Only one college speech was ever met with so much mob violence that the police were forced to cancel it: The one that was preceded by a letter from the university provost accusing me of hate speech.


(To add insult to injury, Francois didn't even plan to attend my speech because Tuesday is his bikini wax night.)


If a university official's letter accusing a speaker of having a proclivity to commit speech crimes before she's given the speech—which then leads to Facebook postings demanding that Ann Coulter be hurt, a massive riot and a police-ordered cancellation of the speech—is not hate speech, then there is no such thing as hate speech.


Either Francois goes to jail or the Human Rights Commission is a hoax and a fraud.

6 comments:

Opus #6 said...

Wooo! You GO Ann!

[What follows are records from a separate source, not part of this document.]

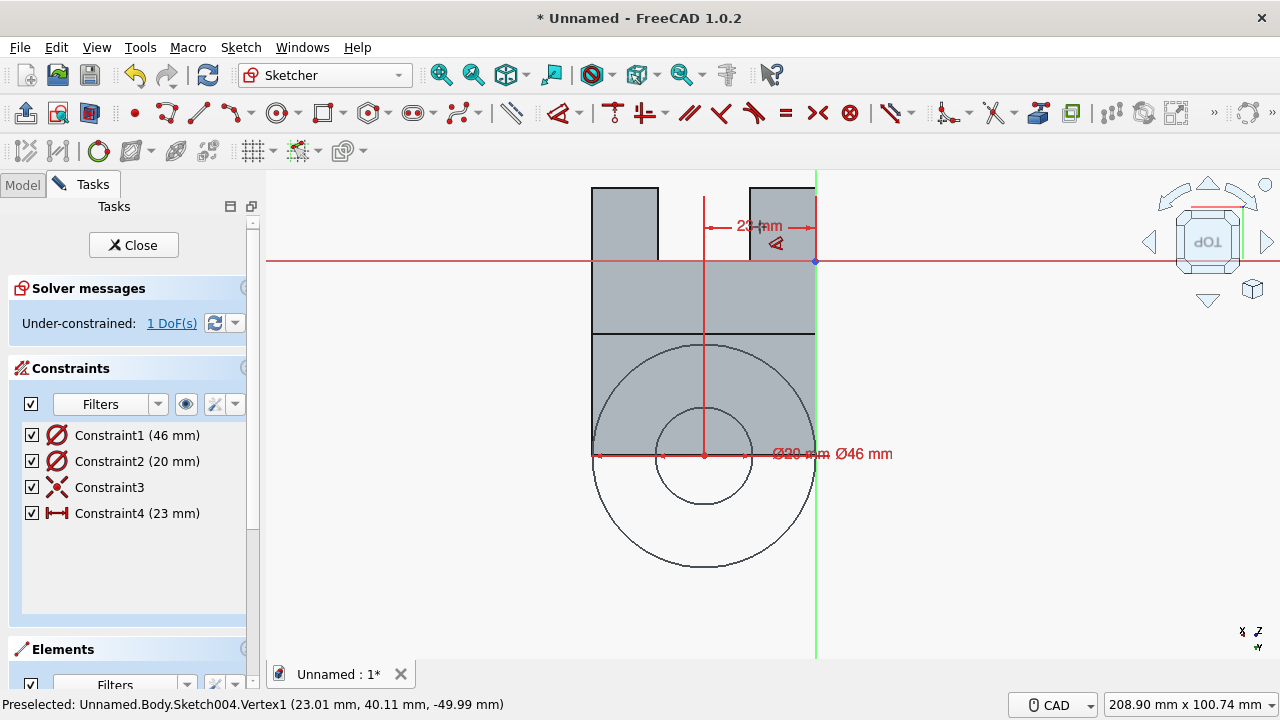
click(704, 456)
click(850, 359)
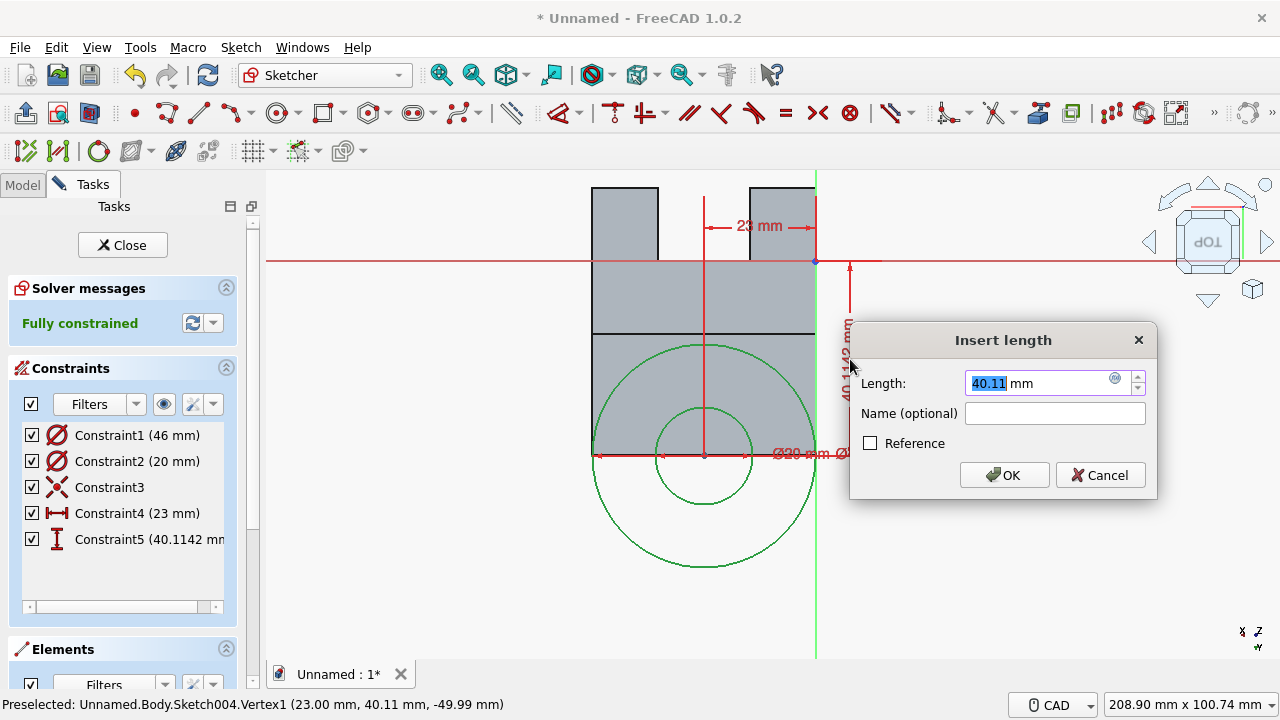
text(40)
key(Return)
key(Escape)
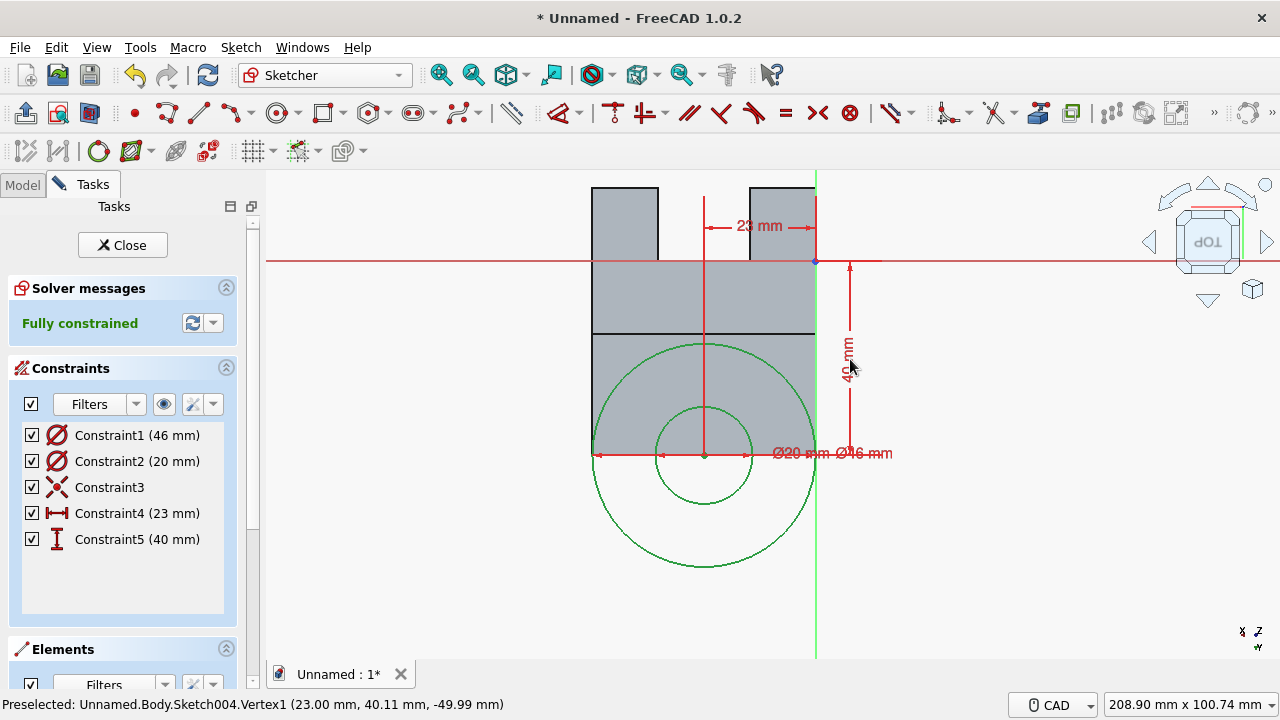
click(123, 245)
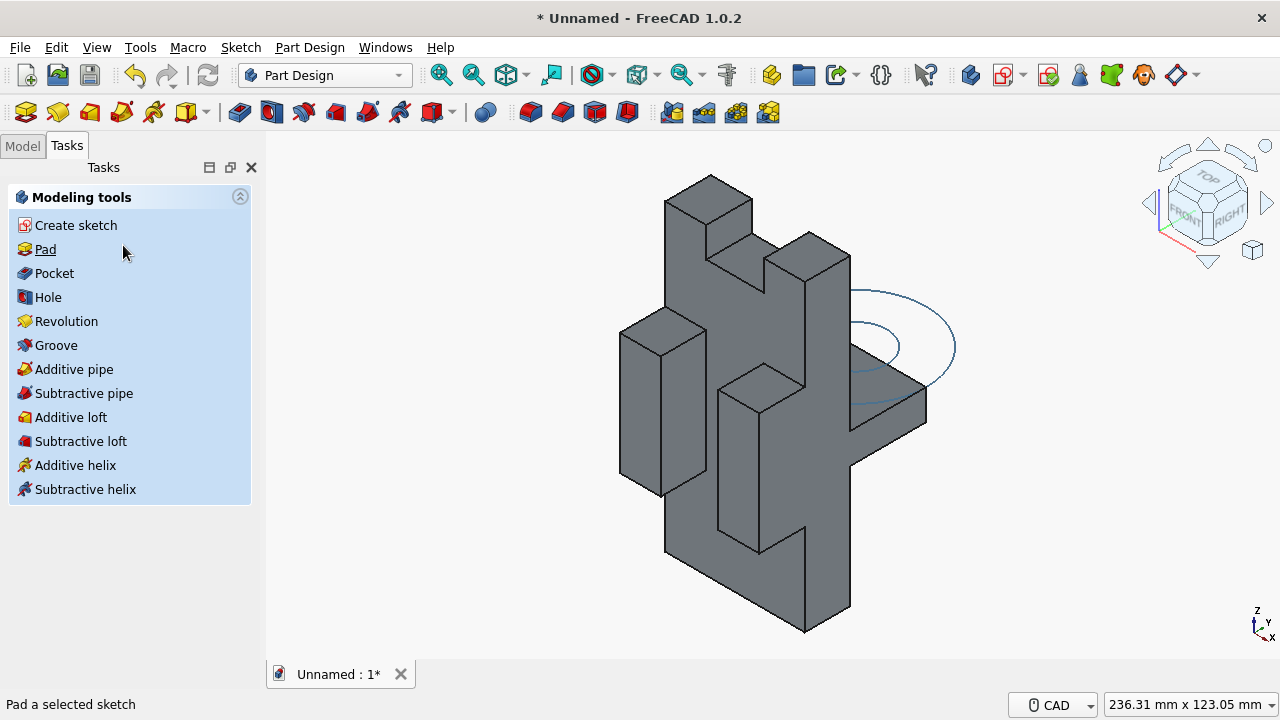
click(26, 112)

They treated her abominably.

Anonymous said...

There was no riot.
Her organizers cancelled the event, not police.
She's just trying to add another group of people into her hate-filled repertiore, Canadians.

We're better off without her.

hometown guy said...

wait... in her letter of protest about people thinking she's hateful, she suggests that muslims need to bathe more? fan of hers or no, does that not bother anyone?
i can be open-minded enough to try and grasp the political viewpoints of others, but please don't start defending ann coulter. do i need to start digging up quotes?
and anonymous, she's already said plenty about canada that canadians would (and should, if they have any national pride) find offensive.

Just a conservative girl said...

Oh please. If can't see that is a joke it is because you don't want to.

Ann Coulter very purposely says things that are over the top to get a discussion started. I saw her give a speech in a very small location where everyone was a female conservative, and it was night and day to what you see on TV. I went there for another reason and honestly wasn't looking forward to hearing her, but enjoyed it.

Bill Maher thinks I am stupid, Joy Behar thinks I can't read, the rheotoric is the same on both sides. The difference being that I think they should go out and talk all they want. I am not trying to squelch free speech.

hometown guy said...

"It would be a much better country if women did not vote. That is simply a fact."

"I think [women] should be armed but should not vote... women have no capacity to understand how money is earned."

"My only regret with Timothy McVeigh is that he did not go to the New York Times building."

"No, we just want Jews to be perfected, as they say... That's what Christianity is."

"I think our motto should be, post 9-11, 'raghead talks tough, raghead faces consequences.'"

"We should invade their countries, kill their leaders and convert them to Christianity."

"God gave us the earth. We have dominion over the plants, the animals, the trees. God said, "Earth is yours. Take it, rape it, it's yours."

"Al Gore - total fag."

- Ann Coulter

Respectfully, i can think of better ways to start a discussion.

I'm NOT AT ALL in favor of taking away her free speech rights, she should be (and is) allowed to say whatever she wants. Her speech was canceled by the organizers after public demonstrations by people whose country she had insulted (also exercising their free speech rights).

Not at all in favor of taking those rights away from her. I'm just not a fan and i post the quotes as a way of explaining why.

I would also be about the last person to defend Bill Maher.

Janie Lynn said...

Ann Coulter startles me sometimes with the in-your-faceness of her wit. She makes people uncomfortable and she makes people squirm. But she does make people think - and she's amazingly intelligent. I always thought college students (and colleges) were so open minded. I guess that's changed, huh? Open minded if they agree with you and you don't offend anyone.